Menteri Hukum (Menkum) RI, Supratman Andi Agtas teken SK Kepengurusan PPP Kubu Maridono. (IDN Times/Amir Faisol)
Berdasar pengalamannya mengikuti dan meneliti sengketa internal partai, Gugum menyatakan, kewenangan Menkum dalam mengesahkan susunan partai berpotensi disalahgunakan. Termasuk saat muncul persoalan atau dinamika seperti dualisme kepengurusan.
”Kami meminta agar Mahkamah Konstitusi membatalkan kewenangan pengesahan itu dan membatasinya hanya sebatas melakukan pencatatan peristiwa hukum partai politik.

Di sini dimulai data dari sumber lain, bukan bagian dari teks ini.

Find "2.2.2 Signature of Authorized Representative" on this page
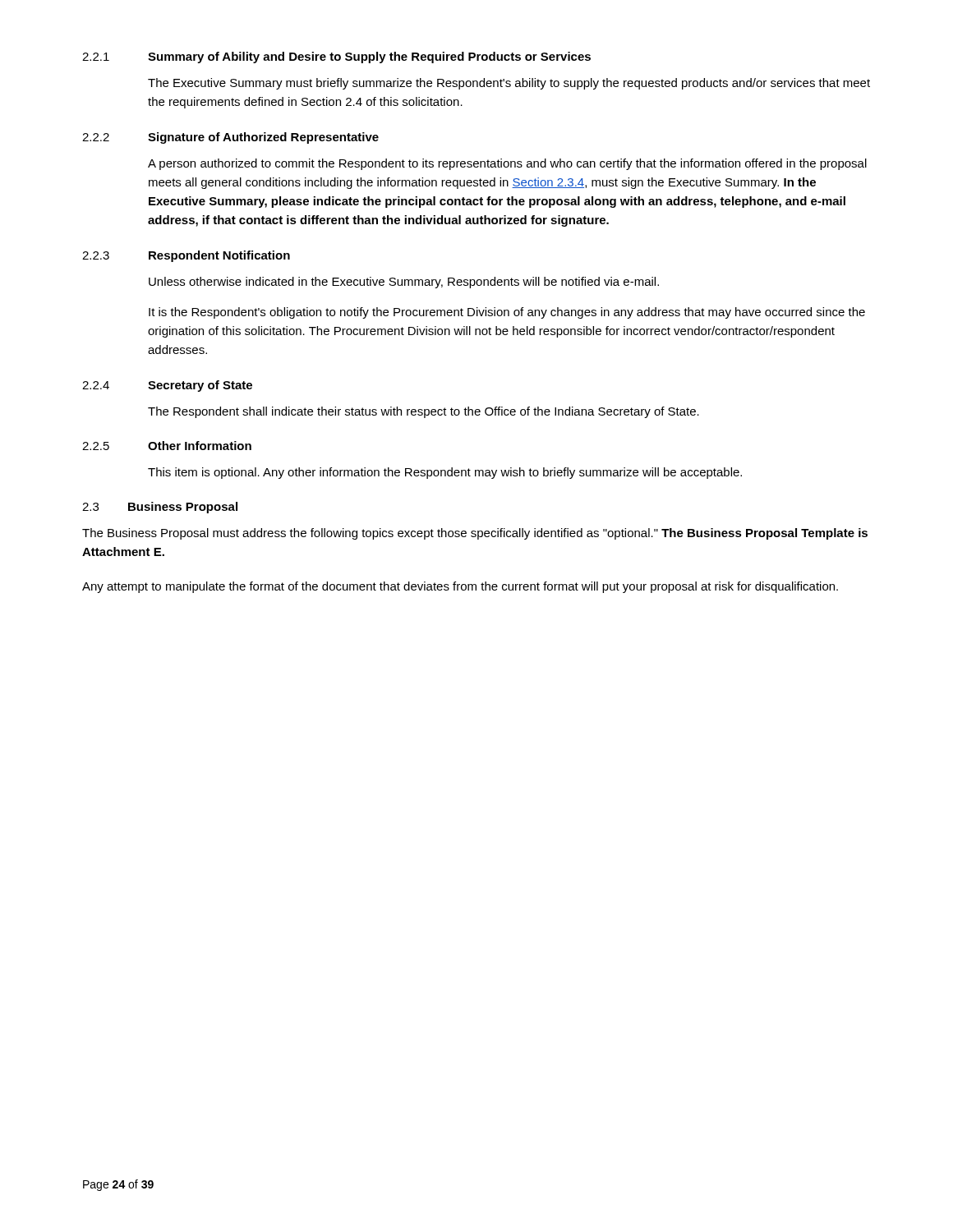[230, 136]

Jadi, kami meminta kepada Mahkamah Konstitusi agar menteri hukum cukup sebagai pencatat peristiwa hukum saja,” katanya.
Selain itu, lanjut Gugum, pihaknya meminta agar MK menegaskan mahkamah partai politik tidak bisa menyelesaikan sengketa dualisme kepengurusan. Sebab, sepanjang sejarah kasus sengketa internal partai seperti dualisme kepengurusan tidak ada mampu diselesaikan mahkamah partai.
”Dari kesempatan ini kami meminta agar sengketa dualisme kepengurusan partai politik diambil alih oleh Mahkamah Konstitusi. Karena sebagai pengadilan yang mampu dan berkapasitas melakukan itu, hanya Mahkamah Konstitusi hari ini yang bisa mengadili sengketa-sengketa terkait dengan partai politik,” ucap dia.
Dalam kesempatan yang sama, Ali Amran Tanjung selaku sekretaris jenderal DPP PBB hasil Muktamar VI Bali menyampaikan bahwa kedatangan jajarannya ke MK dengan niat baik. Yakni untuk memastikan konflik atau dinamika internal partai ke depan tidak sampai meruntuhkan wibawa pemerintah.
”Oleh karena itu, sangat dipentingkan ada sebuah sistem yang kuat, konstitusi yang kuat, ketentuan yang kuat, yang tidak memberikan ruang kepada siapapun untuk melampaui batas kewenangannya dalam penyelesaian-penyelesaian internal partai politik,” jelasnya.